Find the sum.
\[
\sum_{k=1}^{n}\left(\frac{7}{9}\right)^{k}
\]
Complete the sum of the sequence.
\[
S_{n}=\square\left[1-(\square)^{n}\right]
\]
(Simplify your answer.)
Answer
\(\boxed{S_{n}=\frac{7}{9}\left[1-\left(\frac{7}{9}\right)^{n}\right]}\) is the final answer.
Step 1 :We are given the sum of a geometric series as follows: \(\sum_{k=1}^{n}\left(\frac{7}{9}\right)^{k}\)
Step 2 :The formula for the sum of a geometric series is: \(S_{n} = a \times \frac{1 - r^n}{1 - r}\), where a is the first term and r is the common ratio.
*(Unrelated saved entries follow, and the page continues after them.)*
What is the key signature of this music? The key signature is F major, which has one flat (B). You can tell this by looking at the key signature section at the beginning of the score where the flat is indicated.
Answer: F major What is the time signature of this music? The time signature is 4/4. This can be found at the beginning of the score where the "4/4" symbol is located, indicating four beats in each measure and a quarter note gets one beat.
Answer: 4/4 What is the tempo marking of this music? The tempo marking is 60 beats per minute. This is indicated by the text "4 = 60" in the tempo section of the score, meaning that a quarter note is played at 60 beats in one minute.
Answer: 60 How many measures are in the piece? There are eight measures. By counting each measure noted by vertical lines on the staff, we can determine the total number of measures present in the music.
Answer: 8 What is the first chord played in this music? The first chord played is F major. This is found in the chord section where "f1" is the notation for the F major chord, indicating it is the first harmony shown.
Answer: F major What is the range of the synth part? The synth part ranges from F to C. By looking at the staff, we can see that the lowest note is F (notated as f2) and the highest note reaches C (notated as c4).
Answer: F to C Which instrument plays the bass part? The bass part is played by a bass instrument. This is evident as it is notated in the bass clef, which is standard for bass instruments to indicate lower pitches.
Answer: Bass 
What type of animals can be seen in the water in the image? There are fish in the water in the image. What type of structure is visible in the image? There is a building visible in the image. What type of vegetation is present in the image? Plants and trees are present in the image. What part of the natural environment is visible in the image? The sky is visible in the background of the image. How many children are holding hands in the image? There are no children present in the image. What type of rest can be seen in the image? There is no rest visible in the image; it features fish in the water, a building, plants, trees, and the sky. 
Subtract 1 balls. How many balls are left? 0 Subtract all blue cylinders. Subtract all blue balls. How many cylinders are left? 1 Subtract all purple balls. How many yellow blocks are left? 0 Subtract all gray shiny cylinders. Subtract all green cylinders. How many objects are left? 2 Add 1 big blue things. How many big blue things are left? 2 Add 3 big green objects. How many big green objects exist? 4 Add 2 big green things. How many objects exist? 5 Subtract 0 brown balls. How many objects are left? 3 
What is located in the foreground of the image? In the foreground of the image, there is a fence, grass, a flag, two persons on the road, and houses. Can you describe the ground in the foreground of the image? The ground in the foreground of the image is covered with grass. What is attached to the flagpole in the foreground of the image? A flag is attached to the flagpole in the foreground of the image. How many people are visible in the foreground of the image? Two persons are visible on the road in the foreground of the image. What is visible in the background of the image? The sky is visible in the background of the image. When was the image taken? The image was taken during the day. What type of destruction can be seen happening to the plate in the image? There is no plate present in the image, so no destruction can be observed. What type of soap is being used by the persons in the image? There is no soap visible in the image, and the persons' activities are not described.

Step 3 :In this case, a = 7/9 and r = 7/9.
Step 4 :Substitute these values into the formula to find the sum.
Step 5 :The sum of the sequence is given by the formula: \(S_{n}=\frac{7}{9}\left[1-\left(\frac{7}{9}\right)^{n}\right]\)
Step 6 :\(\boxed{S_{n}=\frac{7}{9}\left[1-\left(\frac{7}{9}\right)^{n}\right]}\) is the final answer.